## Instructions for the task
The line containing "For example (dummy" marks where to begin; quote it and every line after it through the end of the data, exactly as written.

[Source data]
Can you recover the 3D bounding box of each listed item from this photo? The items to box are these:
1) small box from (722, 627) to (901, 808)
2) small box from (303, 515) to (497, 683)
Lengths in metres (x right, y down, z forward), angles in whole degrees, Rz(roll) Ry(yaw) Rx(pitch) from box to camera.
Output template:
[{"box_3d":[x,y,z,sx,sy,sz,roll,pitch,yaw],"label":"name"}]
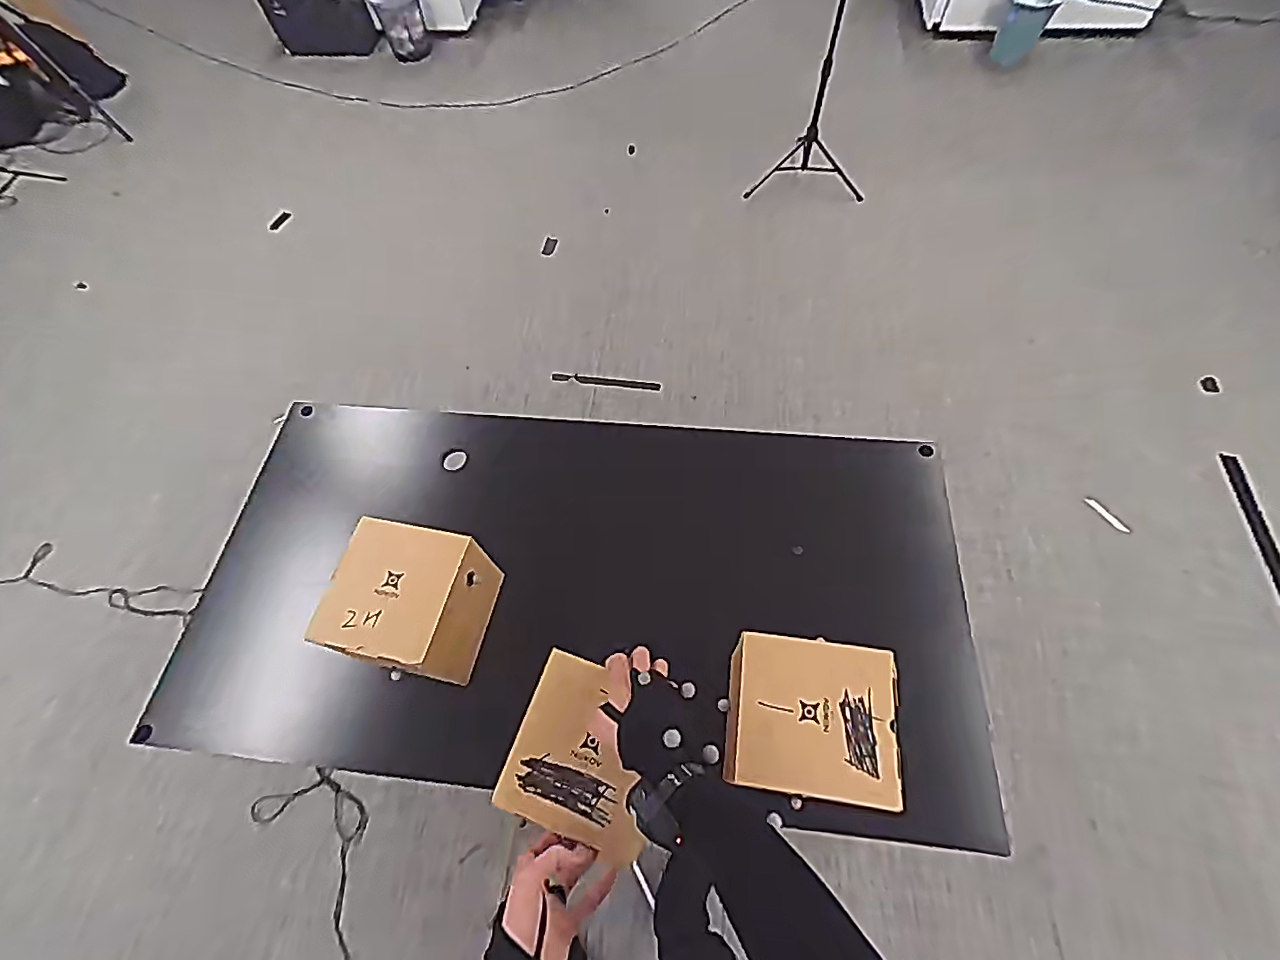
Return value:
[{"box_3d":[0.201,0.293,0.672,0.179,0.176,0.168,6,62,8],"label":"small box"},{"box_3d":[-0.320,0.174,0.769,0.168,0.176,0.179,9,64,9],"label":"small box"}]
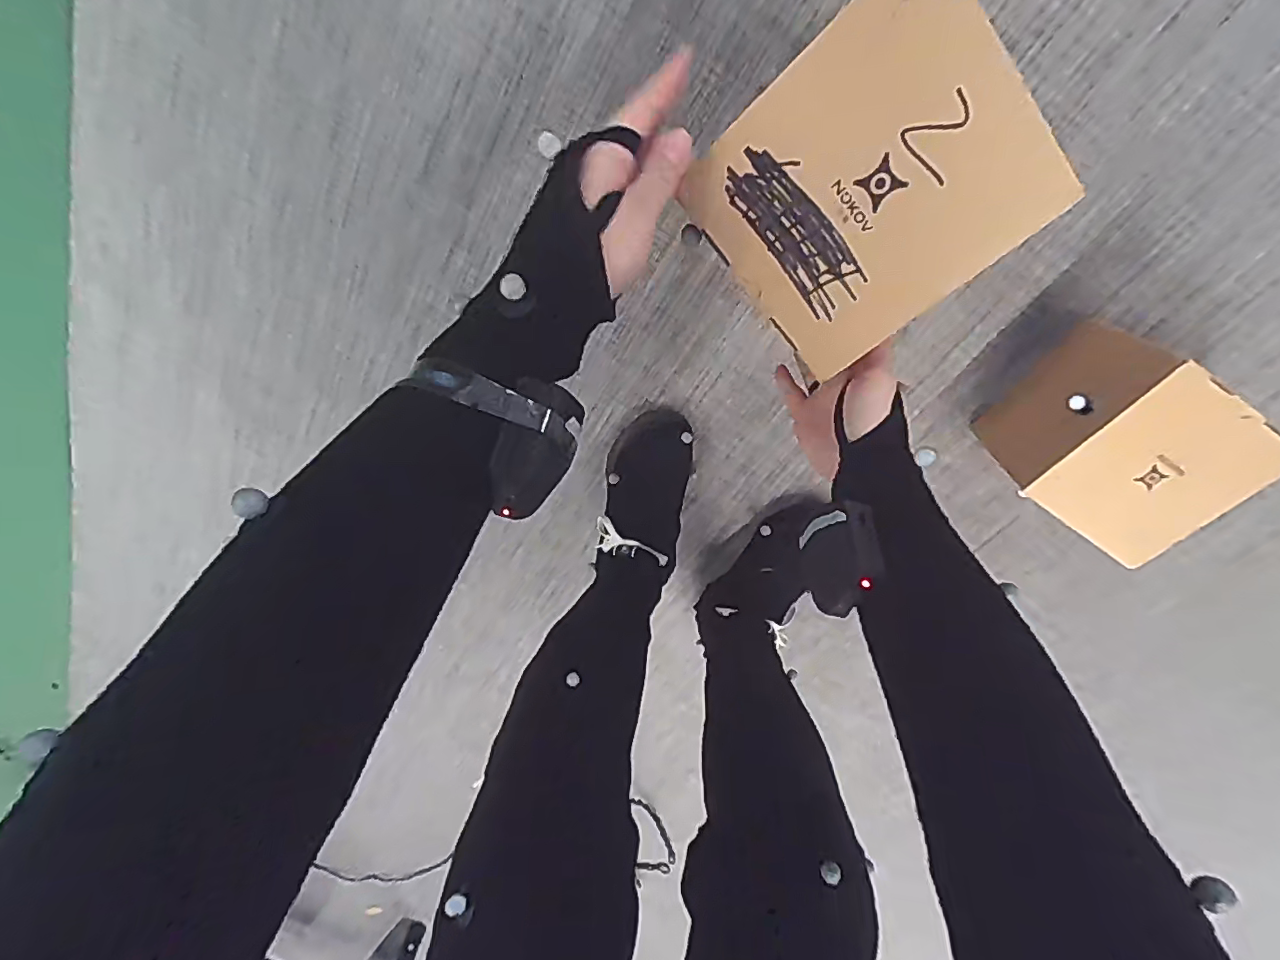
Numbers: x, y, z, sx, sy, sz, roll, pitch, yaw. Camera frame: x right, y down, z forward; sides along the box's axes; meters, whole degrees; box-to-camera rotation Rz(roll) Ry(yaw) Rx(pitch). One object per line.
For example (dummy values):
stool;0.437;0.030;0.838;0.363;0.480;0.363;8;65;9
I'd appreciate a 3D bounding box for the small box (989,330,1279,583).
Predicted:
small box;0.517;-0.032;0.581;0.168;0.176;0.179;35;119;-8

## Answer to the problem
For example (dummy values):
stool;0.437;0.030;0.838;0.363;0.480;0.363;8;65;9
I'd appreciate a 3D bounding box for the small box (989,330,1279,583).
Predicted:
small box;0.517;-0.032;0.581;0.168;0.176;0.179;35;119;-8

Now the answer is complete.